Ulpianus, On Adultery, Book III. The judges must determine the measure of torture, and therefore it should be inflicted in such a way that the slave may be preserved either for his acquittal, or his punishment.
Ex libro IV
Ulpianus, On Adultery, Book V. The legislator had in view that slaves should not by manumission be released from liability to torture; and therefore he forbade them to be manumitted, and prescribed a certain term within which it would not be lawful to set them free. 1Therefore, a woman who is separated from her husband is forbidden, under any circumstances, to manumit or alienate any of her slaves, because in the words of the law, “She cannot either manumit or alienate a slave who was not employed in her personal service, or on her land, or in the province,” which is, to a certain extent, a hardship, but it is the law. 2And even if the woman, after a divorce, purchases a slave, or obtains one in any way, she cannot manumit him under the provisions of the law. Sextus Cæcilius also mentions this. 3A father, however, whose daughter is under his control, is only forbidden to manumit or alienate such slaves as have been given to his daughter for her personal service. 4The law also prohibits a mother from manumitting or alienating any slaves which she has given for the service of her daughter. 5It also forbids a grandfather and grandmother fo manumit their slaves, as the intention of the law is that they also may be subjected to torture. 6Sextus Cæcilius very properly holds that the time prescribed by the law for alienating or manumitting slaves is too short. For he says, suppose a woman has been accused of adultery within the sixty days; how can the trial for adultery readily take place, so as to be concluded within the said sixty days? Still, according to the terms of the law the woman, even though she has been accused of adultery, is permitted, after this time, to manumit the slave who is suspected of having committed adultery with her, or another slave who should be put to torture.
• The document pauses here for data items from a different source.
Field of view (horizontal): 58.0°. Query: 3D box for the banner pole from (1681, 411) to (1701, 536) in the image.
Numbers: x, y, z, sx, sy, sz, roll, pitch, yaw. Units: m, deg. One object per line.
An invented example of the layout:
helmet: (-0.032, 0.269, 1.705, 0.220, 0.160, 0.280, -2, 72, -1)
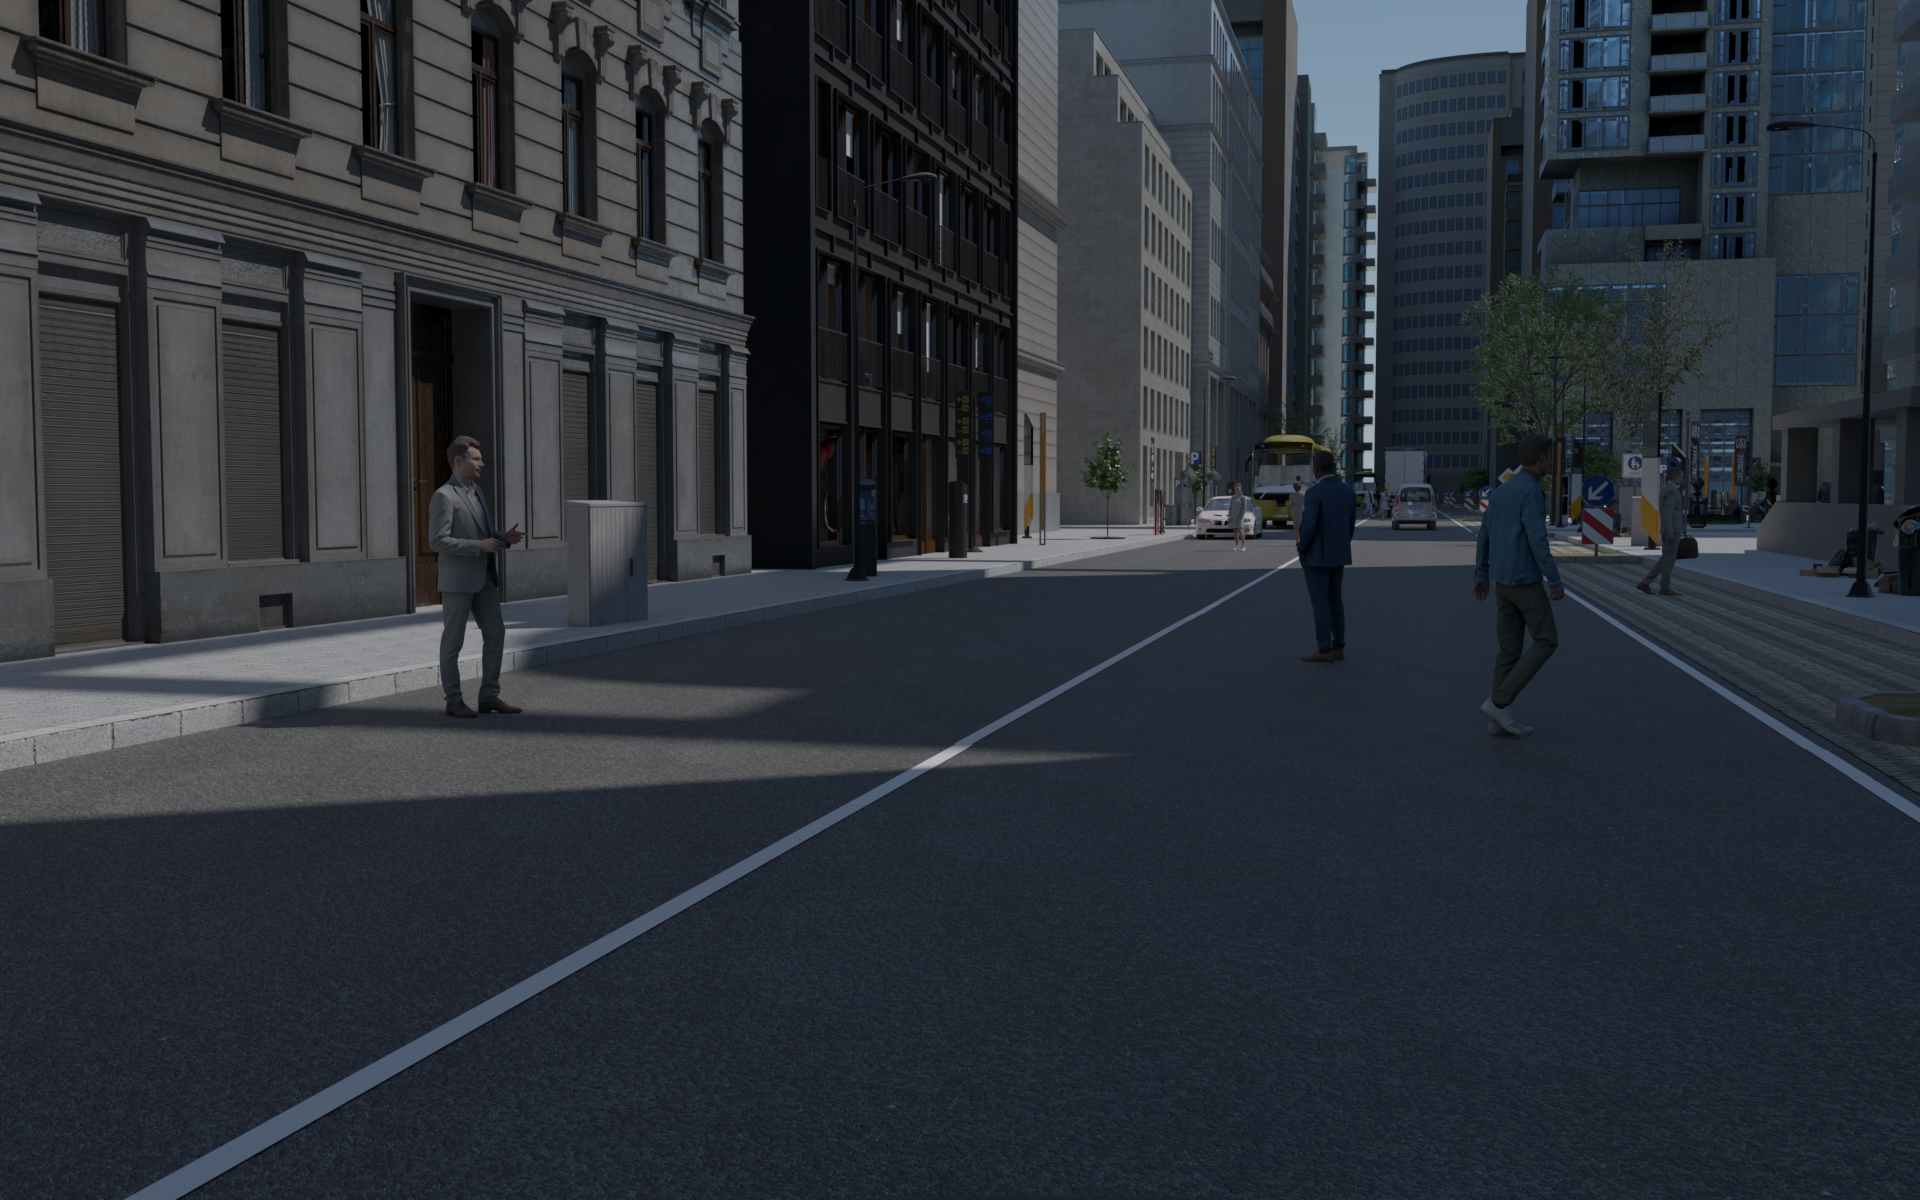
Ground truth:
banner pole: (22.223, -3.830, 52.629, 0.863, 3.779, 0.401, -2, 4, -33)

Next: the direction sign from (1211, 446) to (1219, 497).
direction sign: (12.106, -5.523, 82.298, 0.379, 3.537, 0.876, 2, 4, 30)

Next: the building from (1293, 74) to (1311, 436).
building: (25.837, -29.488, 165.720, 14.154, 41.232, 14.086, 1, 4, 15)

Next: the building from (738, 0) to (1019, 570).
building: (-6.462, -12.732, 37.843, 12.332, 23.373, 15.834, 1, 4, 15)

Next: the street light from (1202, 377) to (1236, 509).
street light: (10.242, -5.886, 68.774, 1.470, 5.913, 1.316, 1, 4, 15)

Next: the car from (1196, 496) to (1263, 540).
car: (8.769, -2.679, 56.160, 2.083, 1.381, 4.827, 1, 4, 14)

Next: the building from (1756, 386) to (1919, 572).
building: (32.172, -20.551, 27.887, 32.217, 40.220, 23.993, 1, 4, 15)

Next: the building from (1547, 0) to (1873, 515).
building: (49.357, -49.293, 118.606, 22.319, 86.520, 31.000, 1, 4, 15)

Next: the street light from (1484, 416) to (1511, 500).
street light: (31.838, -7.923, 102.088, 1.470, 5.913, 1.316, 1, 4, 15)

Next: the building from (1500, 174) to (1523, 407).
building: (56.346, -23.566, 157.008, 14.160, 30.474, 14.107, 1, 4, 15)

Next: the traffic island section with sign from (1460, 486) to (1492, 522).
traffic island section with sign: (27.181, -4.979, 90.032, 1.989, 1.847, 2.006, 1, 4, 15)

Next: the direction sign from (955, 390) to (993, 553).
direction sign: (0.316, -2.818, 38.065, 0.876, 3.537, 0.379, -1, 4, -18)

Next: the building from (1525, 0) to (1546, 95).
building: (53.760, -30.091, 142.101, 14.600, 45.320, 14.200, 1, 4, 15)

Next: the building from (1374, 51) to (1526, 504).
building: (69.579, -42.020, 229.033, 28.212, 58.520, 21.231, 1, 4, 15)

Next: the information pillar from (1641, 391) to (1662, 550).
information pillar: (15.888, -2.963, 39.802, 0.183, 3.616, 0.504, -1, 4, -23)

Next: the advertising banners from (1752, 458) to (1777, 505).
advertising banners: (38.697, -5.282, 82.552, 2.074, 3.025, 0.090, 3, 4, 36)

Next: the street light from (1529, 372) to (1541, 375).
street light: (22.309, -5.704, 65.802, 1.470, 5.913, 1.316, 1, 4, 15)

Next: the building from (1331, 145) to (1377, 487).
building: (41.409, -37.843, 238.340, 30.456, 49.044, 23.786, 1, 4, 15)

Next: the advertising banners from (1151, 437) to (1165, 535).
advertising banners: (6.163, -3.541, 54.080, 0.090, 3.025, 2.074, 1, 4, 19)

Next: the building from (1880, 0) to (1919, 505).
building: (55.418, -27.627, 71.314, 30.456, 49.044, 23.786, 1, 4, 15)

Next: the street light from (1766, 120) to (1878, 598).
street light: (10.711, -2.998, 21.562, 1.470, 5.913, 1.316, 1, 4, 15)

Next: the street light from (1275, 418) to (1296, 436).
street light: (19.730, -8.131, 105.476, 1.470, 5.913, 1.316, 1, 4, 15)

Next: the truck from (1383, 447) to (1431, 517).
truck: (28.183, -7.361, 109.266, 2.839, 4.237, 11.283, 1, 4, 16)

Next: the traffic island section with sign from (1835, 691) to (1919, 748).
traffic island section with sign: (6.346, -0.093, 10.149, 1.989, 1.847, 2.006, 1, 4, 15)

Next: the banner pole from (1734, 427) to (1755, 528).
banner pole: (29.603, -4.609, 65.376, 0.401, 3.779, 0.863, -3, 4, -38)

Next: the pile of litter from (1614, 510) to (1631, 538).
pile of litter: (19.804, -2.312, 51.761, 1.719, 0.858, 1.176, -3, 5, -42)

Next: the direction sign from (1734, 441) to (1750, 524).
direction sign: (33.761, -5.063, 74.783, 0.379, 3.537, 0.876, -1, 4, -23)

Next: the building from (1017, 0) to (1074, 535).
building: (-8.839, -16.466, 56.608, 23.554, 28.519, 14.401, 1, 4, 15)

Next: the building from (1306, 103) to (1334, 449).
building: (27.524, -35.804, 205.001, 30.456, 49.044, 23.786, 1, 4, 15)

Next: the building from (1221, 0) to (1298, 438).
building: (21.856, -30.670, 151.568, 14.600, 45.320, 14.200, 1, 4, 15)

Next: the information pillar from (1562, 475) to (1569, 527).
information pillar: (23.866, -3.916, 68.515, 0.304, 2.012, 0.304, -1, 4, -9)

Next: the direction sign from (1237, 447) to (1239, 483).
direction sign: (13.381, -5.593, 83.436, 0.379, 3.537, 0.876, 0, 4, 7)

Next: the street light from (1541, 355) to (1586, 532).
street light: (20.325, -5.228, 58.017, 1.470, 5.913, 1.316, 1, 4, 15)

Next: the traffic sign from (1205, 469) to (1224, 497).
traffic sign: (10.101, -3.997, 68.995, 0.795, 2.450, 0.064, 1, 4, 15)

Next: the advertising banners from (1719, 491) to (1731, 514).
advertising banners: (41.195, -5.908, 92.791, 2.074, 3.025, 0.090, -3, 5, -43)

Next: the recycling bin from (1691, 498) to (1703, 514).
recycling bin: (44.944, -5.682, 105.459, 0.722, 1.027, 0.722, 0, 4, 2)

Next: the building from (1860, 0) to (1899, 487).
building: (90.294, -46.020, 190.675, 20.611, 71.187, 20.563, 1, 4, 15)

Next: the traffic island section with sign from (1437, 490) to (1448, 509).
traffic island section with sign: (46.666, -9.546, 164.697, 1.989, 1.847, 2.006, 1, 4, 15)

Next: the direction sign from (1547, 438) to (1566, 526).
direction sign: (24.046, -4.780, 70.142, 0.876, 3.537, 0.379, 2, 4, 34)

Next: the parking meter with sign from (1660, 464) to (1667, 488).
parking meter with sign: (41.447, -6.452, 101.746, 0.543, 3.016, 1.738, 2, 4, 31)

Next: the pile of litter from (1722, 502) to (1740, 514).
pile of litter: (40.362, -4.678, 90.452, 1.719, 0.858, 1.176, -3, 5, -44)

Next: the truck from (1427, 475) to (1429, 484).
truck: (34.191, -8.379, 132.927, 3.469, 3.379, 9.791, 1, 4, 16)

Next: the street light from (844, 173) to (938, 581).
street light: (-1.005, -3.229, 25.332, 1.470, 5.913, 1.316, 1, 4, 15)

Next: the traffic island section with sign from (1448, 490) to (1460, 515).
traffic island section with sign: (34.120, -6.605, 116.619, 1.989, 1.847, 2.006, 1, 4, 15)

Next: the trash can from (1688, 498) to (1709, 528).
trash can: (27.678, -3.259, 64.932, 0.748, 1.137, 0.748, 0, 3, 0)

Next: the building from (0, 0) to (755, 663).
building: (-10.160, -10.449, 19.997, 9.793, 20.994, 18.267, 1, 4, 15)

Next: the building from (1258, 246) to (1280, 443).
building: (16.207, -17.598, 129.524, 13.314, 21.916, 24.055, 1, 4, 15)

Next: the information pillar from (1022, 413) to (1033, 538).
information pillar: (1.973, -3.587, 49.995, 0.183, 3.616, 0.504, -1, 4, -23)

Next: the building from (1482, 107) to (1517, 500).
building: (68.098, -33.639, 200.102, 14.600, 45.320, 14.200, 1, 4, 15)

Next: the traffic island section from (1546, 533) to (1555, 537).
traffic island section: (18.938, -2.215, 58.503, 2.009, 0.180, 2.903, 1, 4, 15)

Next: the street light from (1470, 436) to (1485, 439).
street light: (41.362, -10.141, 138.344, 1.470, 5.913, 1.316, 1, 4, 15)

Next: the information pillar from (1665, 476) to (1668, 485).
information pillar: (28.455, -3.979, 69.547, 0.304, 2.012, 0.304, 2, 4, 28)

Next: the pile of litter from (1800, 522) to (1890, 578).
pile of litter: (13.764, -0.780, 26.724, 1.176, 0.858, 1.719, 0, 4, -6)

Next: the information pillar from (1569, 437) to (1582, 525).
information pillar: (25.383, -4.890, 71.312, 0.504, 3.616, 0.183, -2, 4, -27)

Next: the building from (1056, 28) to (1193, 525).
building: (4.518, -13.797, 80.333, 10.420, 20.320, 16.860, 1, 4, 15)

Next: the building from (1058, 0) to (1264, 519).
building: (11.033, -19.875, 102.446, 11.434, 29.767, 29.804, 1, 4, 15)

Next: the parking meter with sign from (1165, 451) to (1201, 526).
parking meter with sign: (9.039, -4.537, 70.433, 1.738, 3.016, 0.543, -3, 5, -44)

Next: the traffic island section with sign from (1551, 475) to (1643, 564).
traffic island section with sign: (13.153, -1.690, 36.261, 1.989, 1.847, 2.006, 1, 4, 15)

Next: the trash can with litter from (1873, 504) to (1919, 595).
trash can with litter: (12.055, -0.656, 22.109, 0.624, 1.170, 1.055, 0, 4, -3)

And, indeed, relief should be granted in this instance, so that slaves wlio are indicated as guilty, or who have knowledge of the crime, may not be manumitted before the trial is ended. 7If the father or mother of the woman should die within the sixty days, they can neither manumit nor alienate any of the slaves whom they have given to the daughter for her personal service.
Ulpianus, On Adultery, Book IV. If a husband should die within the sixty days, let us see whether the woman can manumit or alienate the slaves above referred to. I do not think that she can do so, although she may have no other accuser than her husband, as the father of the latter can accuse her. 1The law simply prohibits a woman from manumitting her slaves within sixty days after the divorce. 2Manumission is also prohibited whether she is divorced or repudiated. 3If the marriage is dissolved by the death of the husband, or on account of any penalty to which he has rendered himself liable, manumission will not be prevented. 4Even if the marriage is terminated by agreement, it is held that manumission or alienation is not prevented. 5When the woman, during the existence of the marriage but while she is contemplating divorce, manumits or alienates a slave, and this is established by conclusive evidence, the alienation or manumission will not be valid, as having been done to evade the law. 6We must understand every kind of alienation to be meant.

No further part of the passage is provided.